Lines that contain "Gewinde" are to be copied from the material, every one of them.

▶ **WORKING DATA**:
..............................
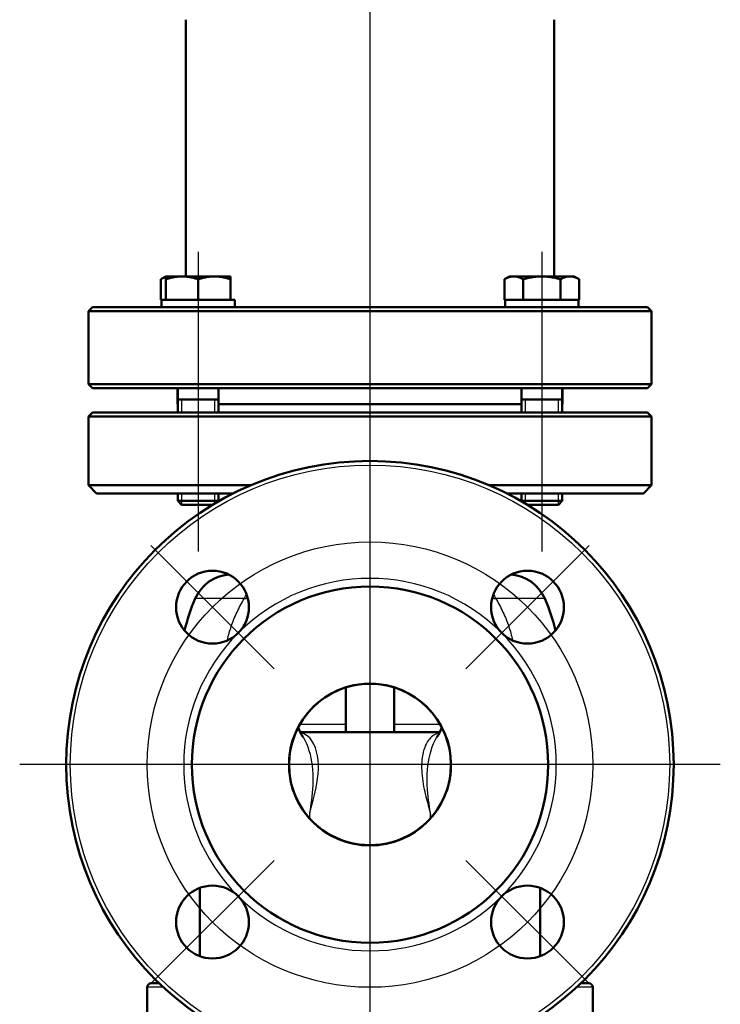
# Model space of a CAD drawing. Header units: millimetres. Extents: x 130 to 860, y 241 to 1215.
# Tile 9 of 10: x 687 to 860, y 745 to 988. Entities that reach past the tile are written whole.
import ezdxf

# ---------------------------------------------------------------- set-up
doc = ezdxf.new("R2010")
doc.units = ezdxf.units.MM
doc.header["$LTSCALE"] = 5
for name, color, linetype, lineweight in [('Gewinde(DIN)', 3, 'Continuous', 25), ('Mittellinie(DIN)', 4, 'Continuous', 25), ('Mittelpunktmarkierung(DIN)', 4, 'Continuous', 25), ('Sichtbare Kanten(DIN)', 7, 'Continuous', 50), ('Sichtbare tangentiale Kanten(DIN)', 3, 'Continuous', 25)]:
    doc.layers.add(name, color=color, linetype=linetype, lineweight=lineweight)

msp = doc.modelspace()

# ---------------------------------------------------------------- linework, layer by layer
at = {"layer": 'Gewinde(DIN)'}
for p, q in [((727.45, 894.49), (727.45, 891.29)), ((735.66, 891.29), (735.66, 894.49)), ((812.3, 894.49), (812.3, 891.29)), ((820.51, 891.29), (820.51, 894.49)), ((727.45, 871.29), (727.45, 868.51)), ((735.66, 868.76), (735.66, 871.29)), ((812.3, 871.29), (812.3, 868.76)), ((820.51, 868.51), (820.51, 871.29))]:
    msp.add_line(p, q, dxfattribs=at)
at = {"layer": 'Mittellinie(DIN)', "linetype": 'Continuous'}
for p, q in [((731.55, 930.99), (731.55, 856.91)), ((816.41, 930.99), (816.41, 856.91))]:
    msp.add_line(p, q, dxfattribs=at)
msp.add_circle((773.98, 804.29), 55, dxfattribs=at)
at = {"layer": 'Mittelpunktmarkierung(DIN)', "linetype": 'Continuous'}
for p, q in [((773.98, 1215.45), (773.98, 559.95)), ((719.89, 858.38), (750.29, 827.98)), ((797.67, 827.98), (828.07, 858.38)), ((860.48, 804.29), (687.48, 804.29)), ((719.89, 750.2), (750.29, 780.6)), ((828.07, 750.2), (797.67, 780.6))]:
    msp.add_line(p, q, dxfattribs=at)
at = {"layer": 'Sichtbare Kanten(DIN)'}
for p, q in [((728.48, 988.29), (728.48, 924.89)), ((819.48, 988.29), (819.48, 924.89)), ((723.55, 924.89), (722.32, 924.18)), ((722.32, 919.09), (722.32, 924.18)), ((723.55, 924.18), (723.55, 924.89)), ((727.55, 924.89), (723.55, 924.89)), ((723.55, 919.09), (723.55, 924.18)), ((735.55, 924.89), (727.55, 924.89)), ((731.55, 919.09), (731.55, 924.18)), ((739.55, 924.89), (735.55, 924.89)), ((739.55, 924.89), (739.55, 924.18)), ((739.55, 919.09), (739.55, 924.18)), ((808.41, 924.89), (807.17, 924.18)), ((807.17, 919.09), (807.17, 924.18)), ((809.48, 924.89), (808.41, 924.89)), ((816.41, 924.89), (809.48, 924.89)), ((811.79, 919.09), (811.79, 924.18)), ((823.34, 924.89), (816.41, 924.89)), ((821.03, 919.09), (821.03, 924.18)), ((824.41, 924.89), (823.34, 924.89)), ((824.41, 924.89), (825.65, 924.18)), ((825.65, 919.09), (825.65, 924.18)), ((705.48, 917.29), (704.48, 916.29)), ((705.48, 917.29), (723.25, 917.29)), ((722.5, 919.09), (722.32, 919.09)), ((723.55, 919.09), (722.5, 919.09)), ((722.5, 919.09), (722.5, 917.29)), ((727.95, 917.29), (723.25, 917.29)), ((723.89, 919.09), (723.55, 919.09)), ((731.22, 919.09), (723.89, 919.09)), ((727.95, 917.29), (820.01, 917.29)), ((731.55, 919.09), (731.22, 919.09)), ((731.89, 919.09), (731.55, 919.09)), ((739.22, 919.09), (731.89, 919.09)), ((739.55, 919.09), (739.22, 919.09)), ((740.6, 919.09), (739.55, 919.09)), ((740.6, 918.47), (740.6, 917.29)), ((807.36, 919.09), (807.17, 919.09)), ((811.59, 919.09), (807.36, 919.09)), ((807.36, 919.09), (807.36, 917.29)), ((811.79, 919.09), (811.59, 919.09)), ((812.18, 919.09), (811.79, 919.09)), ((820.64, 919.09), (812.18, 919.09)), ((824.71, 917.29), (820.01, 917.29)), ((821.03, 919.09), (820.64, 919.09)), ((821.22, 919.09), (821.03, 919.09)), ((825.45, 919.09), (821.22, 919.09)), ((824.71, 917.29), (842.48, 917.29)), ((825.65, 919.09), (825.45, 919.09)), ((825.46, 919.09), (825.46, 917.29)), ((842.48, 917.29), (843.48, 916.29)), ((843.48, 916.29), (704.48, 916.29)), ((704.48, 916.29), (704.48, 898.29)), ((843.48, 916.29), (843.48, 898.29)), ((704.48, 898.29), (843.48, 898.29)), ((705.48, 897.29), (704.48, 898.29)), ((842.48, 897.29), (843.48, 898.29)), ((842.48, 897.29), (705.48, 897.29)), ((726.48, 897.29), (726.48, 893.29)), ((726.55, 897.29), (726.55, 891.29)), ((736.55, 897.29), (736.55, 891.29)), ((811.41, 897.29), (811.41, 891.29)), ((821.41, 897.29), (821.41, 891.29)), ((821.48, 897.29), (821.48, 893.29)), ((726.48, 893.29), (726.55, 893.29)), ((726.55, 894.49), (736.55, 894.49)), ((736.55, 893.29), (811.41, 893.29)), ((811.41, 894.49), (821.41, 894.49)), ((821.41, 893.29), (821.48, 893.29)), ((705.48, 891.29), (704.48, 890.29)), ((843.48, 890.29), (704.48, 890.29)), ((704.48, 873.29), (704.48, 890.29)), ((705.48, 891.29), (842.48, 891.29)), ((842.48, 891.29), (843.48, 890.29)), ((843.48, 873.29), (843.48, 890.29)), ((704.48, 873.29), (744.59, 873.29)), ((706.48, 871.29), (704.48, 873.29)), ((803.37, 873.29), (843.48, 873.29)), ((841.48, 871.29), (843.48, 873.29)), ((740.28, 871.29), (706.48, 871.29)), ((726.55, 871.29), (726.55, 869.41)), ((736.55, 871.29), (736.55, 869.41)), ((841.48, 871.29), (807.69, 871.29)), ((811.41, 871.29), (811.41, 869.41)), ((821.41, 871.29), (821.41, 869.41)), ((726.55, 869.41), (736.55, 869.41)), ((727.47, 868.49), (726.55, 869.41)), ((735.21, 868.49), (727.47, 868.49)), ((736.26, 869.11), (736.55, 869.41)), ((811.41, 869.41), (821.41, 869.41)), ((811.71, 869.11), (811.41, 869.41)), ((820.49, 868.49), (812.75, 868.49)), ((820.49, 868.49), (821.41, 869.41)), ((767.98, 823.36), (767.98, 812.29)), ((779.98, 823.36), (779.98, 812.29)), ((791.22, 812.29), (756.74, 812.29)), ((759.14, 790.9), (759.14, 790.9)), ((788.83, 790.9), (788.83, 790.9)), ((731.98, 773.85), (731.98, 766.29)), ((815.98, 773.85), (815.98, 766.29)), ((731.98, 766.29), (731.98, 756.95)), ((815.98, 766.29), (815.98, 756.95)), ((718.98, 749.29), (718.98, 735.29)), ((719.98, 750.29), (721.93, 750.29)), ((826.03, 750.29), (827.98, 750.29)), ((828.98, 735.29), (828.98, 749.29))]:
    msp.add_line(p, q, dxfattribs=at)
at = {"layer": 'Sichtbare Kanten(DIN)', "flags": 128}
for points in [[(723.55, 924.73), (723.51, 924.71), (723.46, 924.7), (723.41, 924.68), (723.36, 924.66), (723.31, 924.65), (723.26, 924.63), (723.21, 924.61), (723.16, 924.59), (723.11, 924.57), (723.06, 924.55), (723.01, 924.53), (722.96, 924.5), (722.9, 924.48), (722.85, 924.46), (722.8, 924.43), (722.75, 924.41), (722.7, 924.38), (722.64, 924.35), (722.59, 924.33), (722.54, 924.3), (722.48, 924.27), (722.43, 924.24), (722.37, 924.21), (722.32, 924.18)], [(727.55, 924.89), (727.39, 924.89), (727.23, 924.89), (727.07, 924.88), (726.92, 924.87), (726.76, 924.86), (726.6, 924.85), (726.44, 924.83), (726.28, 924.81), (726.11, 924.79), (725.95, 924.77), (725.79, 924.74), (725.63, 924.71), (725.46, 924.68), (725.3, 924.65), (725.13, 924.62), (724.96, 924.58), (724.79, 924.54), (724.62, 924.49), (724.45, 924.45), (724.28, 924.4), (724.1, 924.35), (723.92, 924.29), (723.74, 924.24), (723.55, 924.18)], [(731.55, 924.18), (731.37, 924.24), (731.19, 924.29), (731.01, 924.35), (730.83, 924.4), (730.66, 924.45), (730.49, 924.49), (730.31, 924.54), (730.15, 924.58), (729.98, 924.62), (729.81, 924.65), (729.65, 924.68), (729.48, 924.71), (729.32, 924.74), (729.16, 924.77), (728.99, 924.79), (728.83, 924.81), (728.67, 924.83), (728.51, 924.85), (728.35, 924.86), (728.19, 924.87), (728.03, 924.88), (727.87, 924.89), (727.72, 924.89), (727.55, 924.89)], [(735.55, 924.89), (735.39, 924.89), (735.23, 924.89), (735.07, 924.88), (734.92, 924.87), (734.76, 924.86), (734.6, 924.85), (734.44, 924.83), (734.28, 924.81), (734.11, 924.79), (733.95, 924.77), (733.79, 924.74), (733.63, 924.71), (733.46, 924.68), (733.3, 924.65), (733.13, 924.62), (732.96, 924.58), (732.79, 924.54), (732.62, 924.49), (732.45, 924.45), (732.28, 924.4), (732.1, 924.35), (731.92, 924.29), (731.74, 924.24), (731.55, 924.18)], [(739.55, 924.18), (739.37, 924.24), (739.19, 924.29), (739.01, 924.35), (738.83, 924.4), (738.66, 924.45), (738.49, 924.49), (738.31, 924.54), (738.15, 924.58), (737.98, 924.62), (737.81, 924.65), (737.65, 924.68), (737.48, 924.71), (737.32, 924.74), (737.16, 924.77), (736.99, 924.79), (736.83, 924.81), (736.67, 924.83), (736.51, 924.85), (736.35, 924.86), (736.19, 924.87), (736.03, 924.88), (735.87, 924.89), (735.72, 924.89), (735.55, 924.89)], [(809.48, 924.89), (809.39, 924.89), (809.29, 924.89), (809.2, 924.88), (809.11, 924.87), (809.02, 924.86), (808.93, 924.85), (808.83, 924.83), (808.74, 924.81), (808.65, 924.79), (808.55, 924.77), (808.46, 924.74), (808.37, 924.71), (808.27, 924.68), (808.18, 924.65), (808.08, 924.62), (807.98, 924.58), (807.89, 924.54), (807.79, 924.49), (807.69, 924.45), (807.59, 924.4), (807.48, 924.35), (807.38, 924.29), (807.28, 924.24), (807.17, 924.18)], [(811.79, 924.18), (811.68, 924.24), (811.58, 924.29), (811.47, 924.35), (811.37, 924.4), (811.27, 924.45), (811.17, 924.49), (811.07, 924.54), (810.97, 924.58), (810.88, 924.62), (810.78, 924.65), (810.69, 924.68), (810.59, 924.71), (810.5, 924.74), (810.4, 924.77), (810.31, 924.79), (810.22, 924.81), (810.13, 924.83), (810.03, 924.85), (809.94, 924.86), (809.85, 924.87), (809.76, 924.88), (809.66, 924.89), (809.57, 924.89), (809.48, 924.89)], [(816.41, 924.89), (816.22, 924.89), (816.04, 924.89), (815.85, 924.88), (815.67, 924.87), (815.48, 924.86), (815.3, 924.85), (815.12, 924.83), (814.93, 924.81), (814.74, 924.79), (814.56, 924.77), (814.37, 924.74), (814.18, 924.71), (813.99, 924.68), (813.8, 924.65), (813.61, 924.62), (813.42, 924.58), (813.22, 924.54), (813.02, 924.49), (812.82, 924.45), (812.62, 924.4), (812.42, 924.35), (812.21, 924.29), (812, 924.24), (811.79, 924.18)], [(821.03, 924.18), (820.81, 924.24), (820.6, 924.29), (820.4, 924.35), (820.19, 924.4), (819.99, 924.45), (819.79, 924.49), (819.59, 924.54), (819.4, 924.58), (819.2, 924.62), (819.01, 924.65), (818.82, 924.68), (818.63, 924.71), (818.44, 924.74), (818.26, 924.77), (818.07, 924.79), (817.88, 924.81), (817.7, 924.83), (817.51, 924.85), (817.33, 924.86), (817.15, 924.87), (816.96, 924.88), (816.78, 924.89), (816.59, 924.89), (816.41, 924.89)], [(823.34, 924.89), (823.24, 924.89), (823.15, 924.89), (823.06, 924.88), (822.97, 924.87), (822.87, 924.86), (822.78, 924.85), (822.69, 924.83), (822.6, 924.81), (822.5, 924.79), (822.41, 924.77), (822.32, 924.74), (822.22, 924.71), (822.13, 924.68), (822.03, 924.65), (821.94, 924.62), (821.84, 924.58), (821.74, 924.54), (821.64, 924.49), (821.54, 924.45), (821.44, 924.4), (821.34, 924.35), (821.24, 924.29), (821.13, 924.24), (821.03, 924.18)], [(825.65, 924.18), (825.54, 924.24), (825.43, 924.29), (825.33, 924.35), (825.23, 924.4), (825.13, 924.45), (825.03, 924.49), (824.93, 924.54), (824.83, 924.58), (824.73, 924.62), (824.64, 924.65), (824.54, 924.68), (824.45, 924.71), (824.35, 924.74), (824.26, 924.77), (824.17, 924.79), (824.07, 924.81), (823.98, 924.83), (823.89, 924.85), (823.8, 924.86), (823.7, 924.87), (823.61, 924.88), (823.52, 924.89), (823.43, 924.89), (823.34, 924.89)], [(788.79, 817.71), (787.82, 818.72), (786.78, 819.65), (785.68, 820.5), (784.53, 821.28), (783.32, 821.97), (782.07, 822.58), (780.78, 823.09), (779.45, 823.52), (778.11, 823.85), (776.74, 824.09), (775.36, 824.24), (773.97, 824.28), (772.58, 824.24), (771.2, 824.09), (769.83, 823.85), (768.49, 823.51), (767.17, 823.09), (765.88, 822.57), (764.62, 821.96), (763.42, 821.27), (762.27, 820.49), (761.18, 819.64), (760.14, 818.71), (759.17, 817.71)], [(759.17, 817.71), (758.51, 816.94), (757.89, 816.13), (757.3, 815.29), (756.76, 814.42), (756.26, 813.52), (755.81, 812.6), (755.4, 811.65), (755.05, 810.69), (754.74, 809.7), (754.49, 808.71), (754.29, 807.7), (754.14, 806.69), (754.04, 805.67), (753.99, 804.65), (754, 803.62), (754.06, 802.6), (754.17, 801.57), (754.34, 800.56), (754.55, 799.56), (754.82, 798.57), (755.14, 797.6), (755.5, 796.64), (755.92, 795.71), (756.38, 794.79)], [(791.58, 794.79), (792.06, 795.74), (792.49, 796.71), (792.86, 797.7), (793.19, 798.71), (793.45, 799.74), (793.67, 800.78), (793.82, 801.82), (793.93, 802.88), (793.97, 803.94), (793.96, 805), (793.89, 806.06), (793.77, 807.11), (793.59, 808.15), (793.36, 809.18), (793.07, 810.2), (792.73, 811.2), (792.34, 812.18), (791.91, 813.1), (791.45, 813.98), (790.96, 814.82), (790.44, 815.61), (789.91, 816.36), (789.35, 817.06), (788.79, 817.71)], [(756.22, 813.44), (756.46, 812.88), (756.74, 812.29), (757.08, 811.68), (757.45, 811.05)], [(790.51, 811.05), (790.89, 811.68), (791.22, 812.29), (791.5, 812.88), (791.74, 813.44)], [(756.38, 794.79), (756.48, 794.62), (756.57, 794.44), (756.67, 794.27), (756.77, 794.1), (756.87, 793.93), (756.98, 793.76), (757.08, 793.59), (757.19, 793.42), (757.3, 793.26), (757.41, 793.09), (757.52, 792.93), (757.64, 792.76), (757.75, 792.6), (757.87, 792.44), (757.99, 792.28), (758.11, 792.12), (758.23, 791.97), (758.36, 791.81), (758.48, 791.66), (758.61, 791.51), (758.74, 791.35), (758.87, 791.2), (759, 791.05), (759.14, 790.9)], [(788.83, 790.9), (788.96, 791.05), (789.09, 791.2), (789.23, 791.36), (789.35, 791.51), (789.48, 791.66), (789.61, 791.82), (789.73, 791.97), (789.85, 792.13), (789.97, 792.29), (790.09, 792.45), (790.21, 792.61), (790.33, 792.77), (790.44, 792.93), (790.55, 793.09), (790.66, 793.26), (790.77, 793.43), (790.88, 793.59), (790.98, 793.76), (791.09, 793.93), (791.19, 794.1), (791.29, 794.27), (791.39, 794.44), (791.49, 794.62), (791.58, 794.79)], [(759.14, 790.9), (760.11, 789.91), (761.15, 788.99), (762.26, 788.14), (763.42, 787.37), (764.63, 786.69), (765.89, 786.09), (767.18, 785.57), (768.51, 785.15), (769.85, 784.82), (771.22, 784.58), (772.6, 784.44), (773.99, 784.4), (775.38, 784.44), (776.77, 784.59), (778.13, 784.83), (779.48, 785.16), (780.8, 785.58), (782.1, 786.09), (783.35, 786.7), (784.56, 787.38), (785.72, 788.15), (786.82, 788.99), (787.85, 789.91), (788.83, 790.9)]]:
    msp.add_lwpolyline(points, dxfattribs=at)
at = {"layer": 'Sichtbare Kanten(DIN)'}
for centre, radius in [((773.98, 804.29), 75), ((735.09, 843.18), 9), ((812.87, 843.18), 9), ((773.98, 804.29), 44), ((773.98, 804.29), 20), ((735.09, 765.4), 9), ((812.87, 765.4), 9)]:
    msp.add_circle(centre, radius, dxfattribs=at)
for centre, radius, start, end in [((739.97, 841.29), 10, 95.1211, 156.4218), ((807.99, 841.29), 10, 23.5782, 84.8789), ((772.05, 827.29), 45, 156.4218, 167.0228), ((775.92, 827.29), 45, 12.9772, 23.5782), ((719.98, 749.29), 1, 90, 180), ((827.98, 749.29), 1, 0, 90)]:
    msp.add_arc(centre, radius, start, end, dxfattribs=at)
msp.add_ellipse((731.55, 918.47), major_axis=(0, 15.68), ratio=0.57735, start_param=4.712389, end_param=4.752178, dxfattribs=at)
at = {"layer": 'Sichtbare tangentiale Kanten(DIN)'}
for p, q in [((742.93, 845.29), (730.8, 845.29)), ((817.16, 845.29), (805.03, 845.29)), ((767.98, 814.2), (756.63, 814.2)), ((791.33, 814.2), (779.98, 814.2)), ((722.99, 749.29), (718.98, 749.29)), ((828.98, 749.29), (824.97, 749.29))]:
    msp.add_line(p, q, dxfattribs=at)
at = {"layer": 'Sichtbare tangentiale Kanten(DIN)', "flags": 128}
for points in [[(738.75, 834.96), (738.85, 835.41), (738.96, 835.86), (739.08, 836.3), (739.2, 836.74), (739.32, 837.16), (739.45, 837.58), (739.59, 838.01), (739.73, 838.44), (739.88, 838.88), (740.04, 839.31), (740.21, 839.75), (740.38, 840.19), (740.56, 840.63), (740.75, 841.07), (740.94, 841.51), (741.14, 841.95), (741.35, 842.38), (741.56, 842.81), (741.77, 843.24), (742, 843.66), (742.22, 844.08), (742.46, 844.49), (742.69, 844.89), (742.93, 845.29)], [(742.93, 845.29), (742.96, 845.3), (743, 845.3), (743.04, 845.31), (743.07, 845.32), (743.11, 845.32), (743.15, 845.33), (743.18, 845.34), (743.22, 845.34), (743.25, 845.35), (743.29, 845.36), (743.33, 845.36), (743.36, 845.37), (743.4, 845.38), (743.44, 845.38), (743.47, 845.39), (743.51, 845.4), (743.54, 845.4), (743.58, 845.41), (743.62, 845.42), (743.65, 845.42), (743.69, 845.43), (743.73, 845.44), (743.76, 845.44), (743.8, 845.45)], [(804.16, 845.45), (804.2, 845.44), (804.24, 845.44), (804.27, 845.43), (804.31, 845.42), (804.34, 845.42), (804.38, 845.41), (804.42, 845.4), (804.45, 845.4), (804.49, 845.39), (804.53, 845.38), (804.56, 845.38), (804.6, 845.37), (804.64, 845.36), (804.67, 845.36), (804.71, 845.35), (804.74, 845.34), (804.78, 845.34), (804.82, 845.33), (804.85, 845.32), (804.89, 845.32), (804.93, 845.31), (804.96, 845.3), (805, 845.3), (805.03, 845.29)], [(805.03, 845.29), (805.27, 844.89), (805.51, 844.49), (805.74, 844.08), (805.96, 843.66), (806.19, 843.24), (806.4, 842.81), (806.62, 842.38), (806.82, 841.95), (807.02, 841.51), (807.22, 841.07), (807.4, 840.63), (807.58, 840.19), (807.75, 839.75), (807.92, 839.31), (808.08, 838.88), (808.23, 838.44), (808.37, 838.01), (808.51, 837.58), (808.64, 837.16), (808.76, 836.74), (808.88, 836.3), (809, 835.86), (809.11, 835.41), (809.21, 834.96)], [(759.14, 790.9), (759.05, 791.4), (759.1, 792.05), (759.24, 792.82), (759.45, 793.68), (759.69, 794.59), (759.94, 795.55), (760.2, 796.54), (760.45, 797.58), (760.69, 798.65), (760.89, 799.75), (761.05, 800.87), (761.17, 802), (761.23, 803.14), (761.23, 804.27), (761.17, 805.38), (761.03, 806.46), (760.81, 807.49), (760.51, 808.47), (760.12, 809.37), (759.65, 810.18), (759.09, 810.87), (758.43, 811.44), (757.67, 811.87), (756.81, 812.16)], [(757.45, 811.05), (757.88, 810.31), (758.27, 809.51), (758.61, 808.66), (758.91, 807.77), (759.17, 806.86), (759.38, 805.92), (759.56, 804.96), (759.69, 803.99), (759.8, 803.02), (759.86, 802.04), (759.89, 801.06), (759.89, 800.09), (759.86, 799.14), (759.8, 798.2), (759.72, 797.29), (759.62, 796.39), (759.51, 795.53), (759.4, 794.7), (759.28, 793.9), (759.17, 793.15), (759.08, 792.45), (759.03, 791.82), (759.05, 791.3), (759.14, 790.9)], [(791.15, 812.16), (790.78, 812.05), (790.42, 811.93), (790.08, 811.77), (789.76, 811.59), (789.46, 811.39), (789.17, 811.16), (788.9, 810.9), (788.65, 810.62), (788.42, 810.33), (788.2, 810.01), (788, 809.67), (787.81, 809.32), (787.64, 808.94), (787.48, 808.56), (787.34, 808.15), (787.22, 807.74), (787.11, 807.31), (787.01, 806.88), (786.93, 806.43), (786.86, 805.98), (786.81, 805.52), (786.77, 805.06), (786.74, 804.59), (786.73, 804.11)], [(788.83, 790.9), (788.92, 791.3), (788.93, 791.82), (788.88, 792.44), (788.79, 793.13), (788.68, 793.88), (788.57, 794.67), (788.45, 795.49), (788.34, 796.36), (788.24, 797.25), (788.16, 798.17), (788.1, 799.12), (788.07, 800.08), (788.07, 801.05), (788.1, 802.03), (788.17, 803.01), (788.27, 803.99), (788.41, 804.97), (788.58, 805.92), (788.8, 806.86), (789.05, 807.78), (789.35, 808.66), (789.7, 809.51), (790.08, 810.31), (790.51, 811.05)], [(786.73, 804.11), (786.73, 803.46), (786.75, 802.81), (786.78, 802.15), (786.84, 801.49), (786.92, 800.83), (787, 800.18), (787.11, 799.53), (787.23, 798.89), (787.35, 798.26), (787.49, 797.64), (787.64, 797.04), (787.79, 796.44), (787.94, 795.86), (788.09, 795.29), (788.23, 794.74), (788.38, 794.21), (788.51, 793.7), (788.63, 793.2), (788.74, 792.72), (788.83, 792.27), (788.89, 791.86), (788.91, 791.49), (788.89, 791.17), (788.83, 790.9)]]:
    msp.add_lwpolyline(points, dxfattribs=at)
at = {"layer": 'Sichtbare tangentiale Kanten(DIN)'}
msp.add_circle((773.98, 804.29), 74, dxfattribs=at)
for start, end in [(45, 135), (135, 225), (315, 45), (225, 315)]:
    msp.add_arc((773.98, 804.29), 46, start, end, dxfattribs=at)
for centre, major_axis, start_param, end_param in [((749.52, 841.29), (0, 10), 1.012369, 1.159279), ((798.44, 841.29), (0, -10), 1.982313, 2.129224)]:
    msp.add_ellipse(centre, major_axis=major_axis, ratio=0.719196, start_param=start_param, end_param=end_param, dxfattribs=at)

doc.saveas('drawing.dxf')
..............................
▶ **PROBLEM SOLUTION**:
for name, color, linetype, lineweight in [('Gewinde(DIN)', 3, 'Continuous', 25), ('Mittellinie(DIN)', 4, 'Continuous', 25), ('Mittelpunktmarkierung(DIN)', 4, 'Continuous', 25), ('Sichtbare Kanten(DIN)', 7, 'Continuous', 50), ('Sichtbare tangentiale Kanten(DIN)', 3, 'Continuous', 25)]:
at = {"layer": 'Gewinde(DIN)'}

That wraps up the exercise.